Dataset excerpts
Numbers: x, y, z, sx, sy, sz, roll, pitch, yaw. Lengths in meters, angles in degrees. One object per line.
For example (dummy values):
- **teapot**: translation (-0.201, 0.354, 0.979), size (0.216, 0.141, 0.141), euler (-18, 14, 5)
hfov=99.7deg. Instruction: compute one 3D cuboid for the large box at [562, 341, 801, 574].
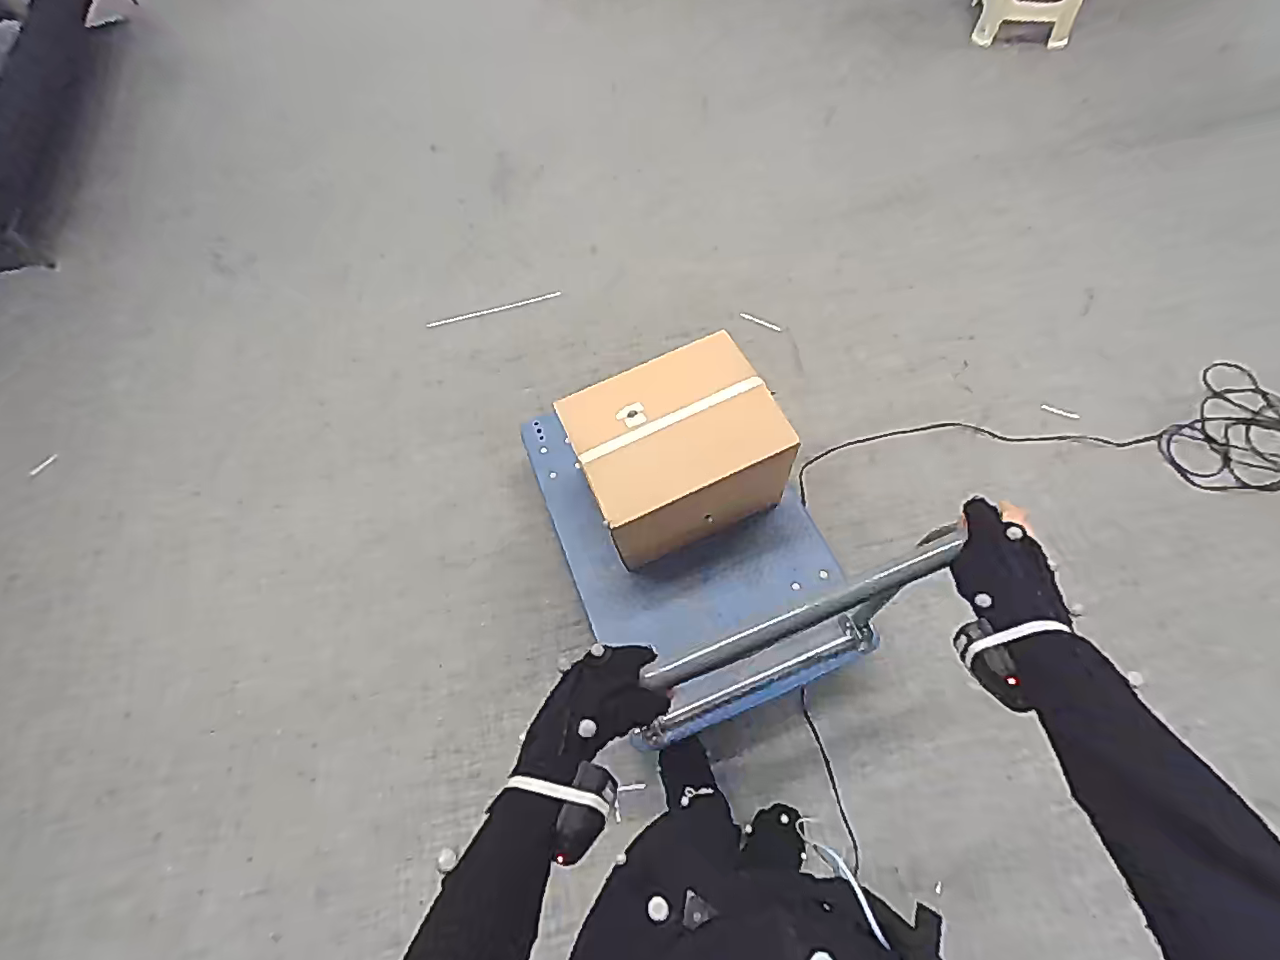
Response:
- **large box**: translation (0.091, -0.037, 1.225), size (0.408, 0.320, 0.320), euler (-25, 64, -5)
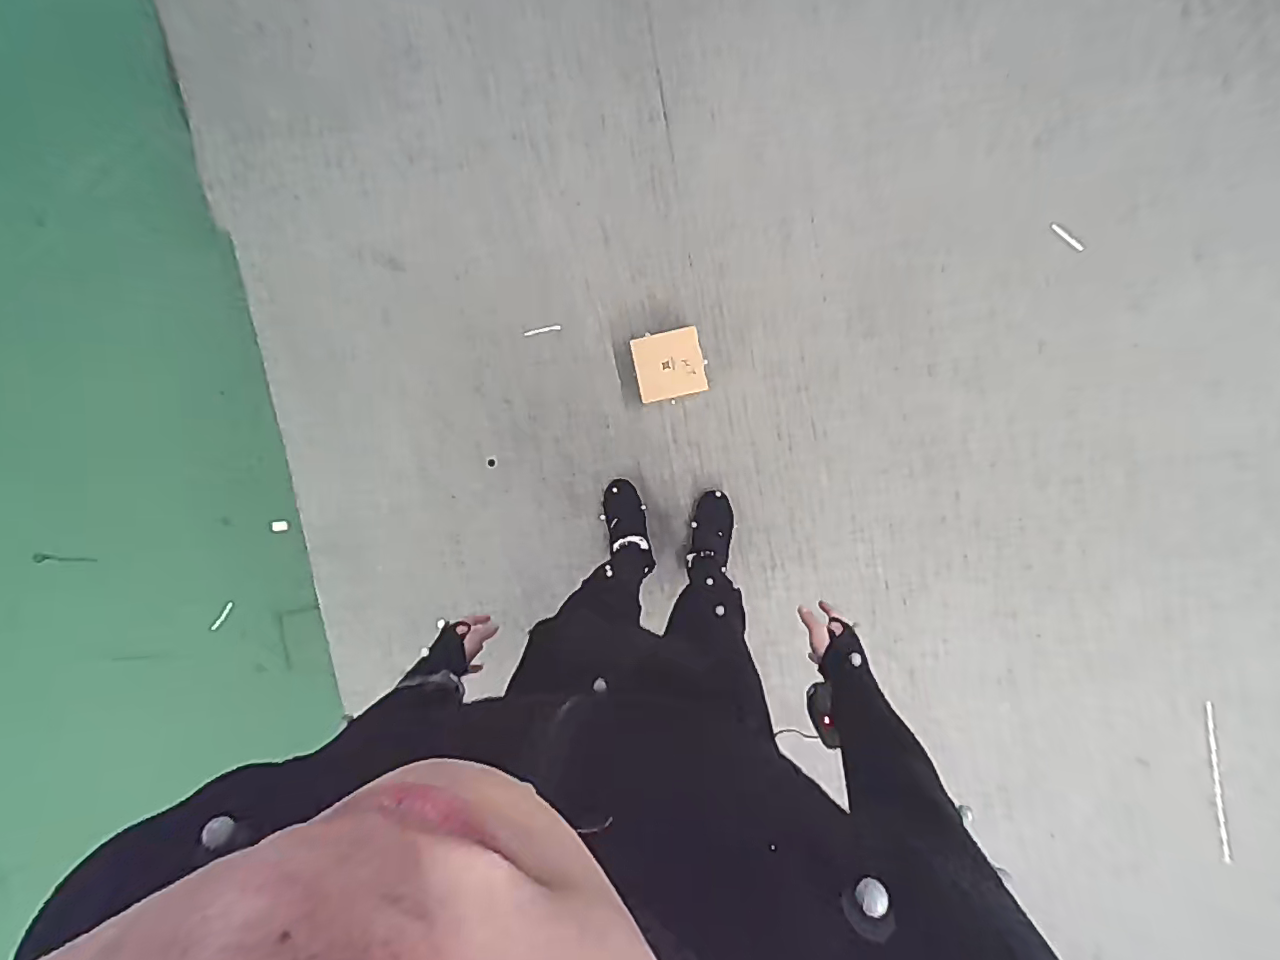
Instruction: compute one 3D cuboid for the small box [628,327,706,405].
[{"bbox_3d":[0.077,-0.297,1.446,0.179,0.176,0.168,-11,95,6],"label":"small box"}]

- WHAT YOU SHOULD DO -
Every line from the one with "- **teapot**: translation" through the last line of the data must be copied exactly. Leave the pictures out.

- RESULT -
- **teapot**: translation (-0.201, 0.354, 0.979), size (0.216, 0.141, 0.141), euler (-18, 14, 5)
hfov=99.7deg. Instruction: compute one 3D cuboid for the large box at [562, 341, 801, 574].
Response:
- **large box**: translation (0.091, -0.037, 1.225), size (0.408, 0.320, 0.320), euler (-25, 64, -5)
Instruction: compute one 3D cuboid for the small box [628,327,706,405].
[{"bbox_3d":[0.077,-0.297,1.446,0.179,0.176,0.168,-11,95,6],"label":"small box"}]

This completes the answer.